Conversion from SGML to HTML - Proof of Concept
The primary purpose of this proof of concept was to test the feasibility of automatically
converting SGML from the Office of the Federal Register into HTML for presentation.
A secondary goal was to convert SGML to XML to provide a document format which can be further
manipulated with existing XML tools.
This proof of concept took about one week to program, plus another day of 'tweaking'.
The Proof Of Concept:
The original SGML file: 203149T.txt
The resulting XML (with stylesheet): TransformedOutput.xml
(open it up and then click on "view-source" to see the XML created by the conversion tool).
The XSL stylesheet: Environment.xsl
Notes on the XSL stylesheet:
- XSL is mostly used only for where XTHML tags are required (horizontal rules, mostly).
- Cascading Style Sheets are used for all presentation. See the CSS here.

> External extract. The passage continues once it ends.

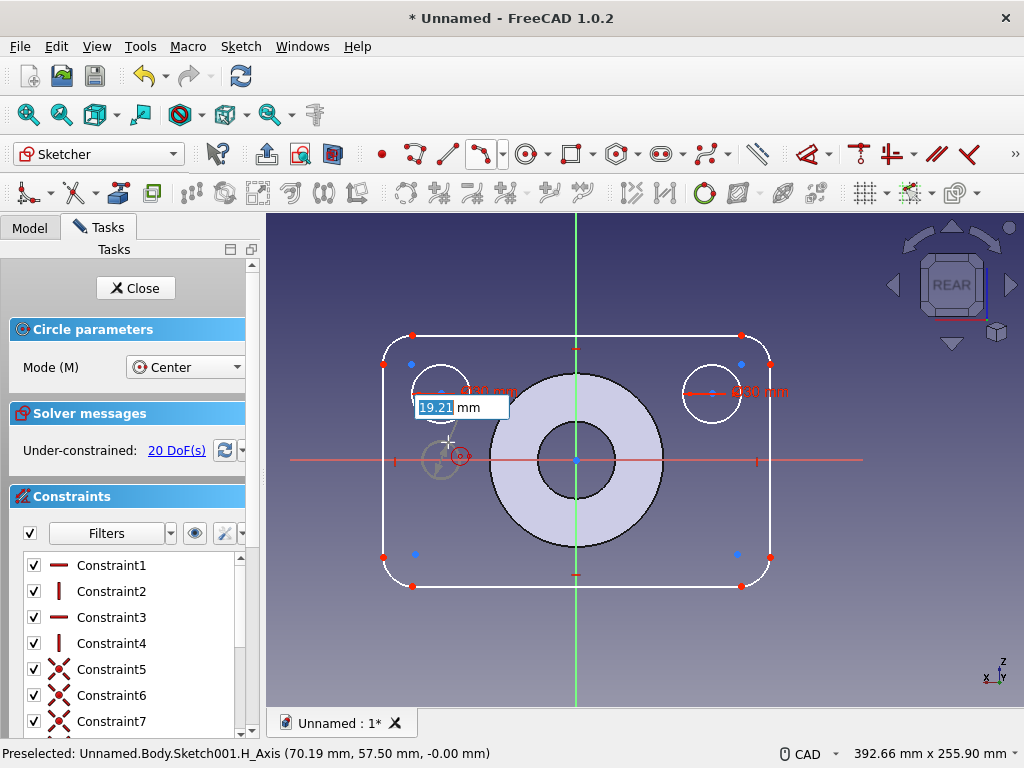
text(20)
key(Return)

- Note that CSS class names are equal to the original SGML tags. An XSL 'hack' converts SGML tags into class names in the XHTML to work around a bug in Internet Explorer 7.

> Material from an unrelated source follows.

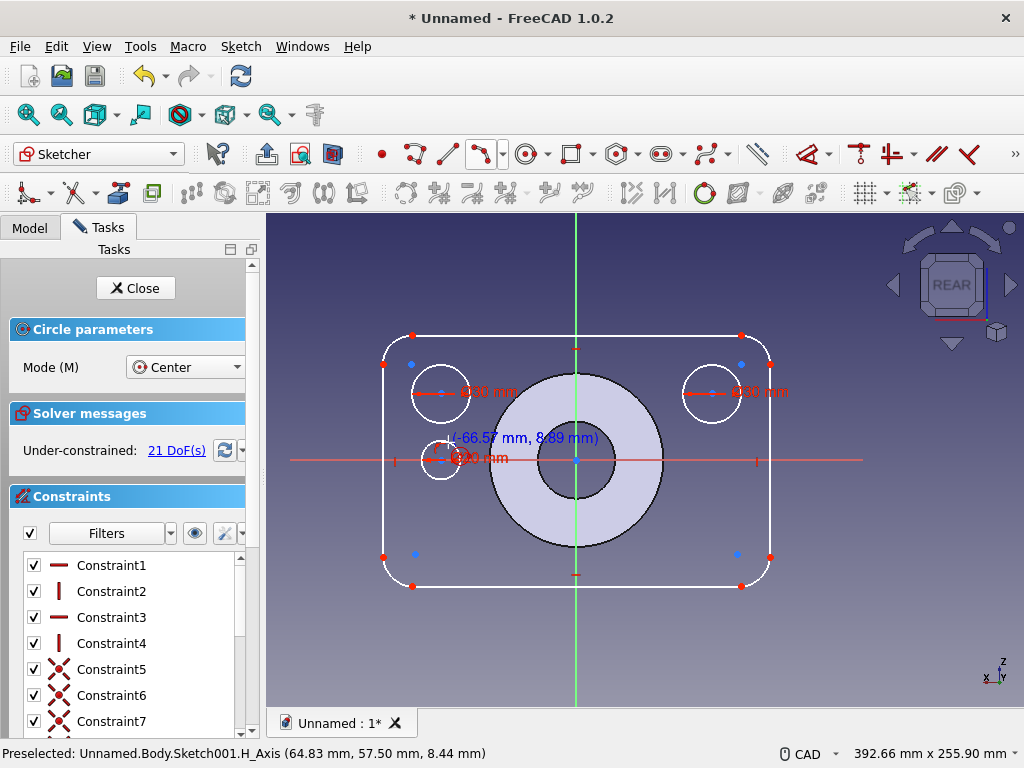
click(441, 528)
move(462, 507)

A fully-XHTML version: TransformedOutputHTML.xml
(After clicking it, you may need to choose "view-source" to see the XHTML which was generated by the XSL stylesheet)
To create a production version:
- Rewrite the POC tool to allow to better handle "top-down" tags which enclose large portions of text, for example CFRTOC, SECTION, CHAPTER, etc.
- Write XSL to handle SGML tables and convert them (as best as possible) into XHTML tables.
- Provide handling of embedded images.
- Generate CSS for all titles and all SGML tags.
- Test on all years of the CFR.
Note: Mrudula Munagala was the original programmer of the POC conversion tool.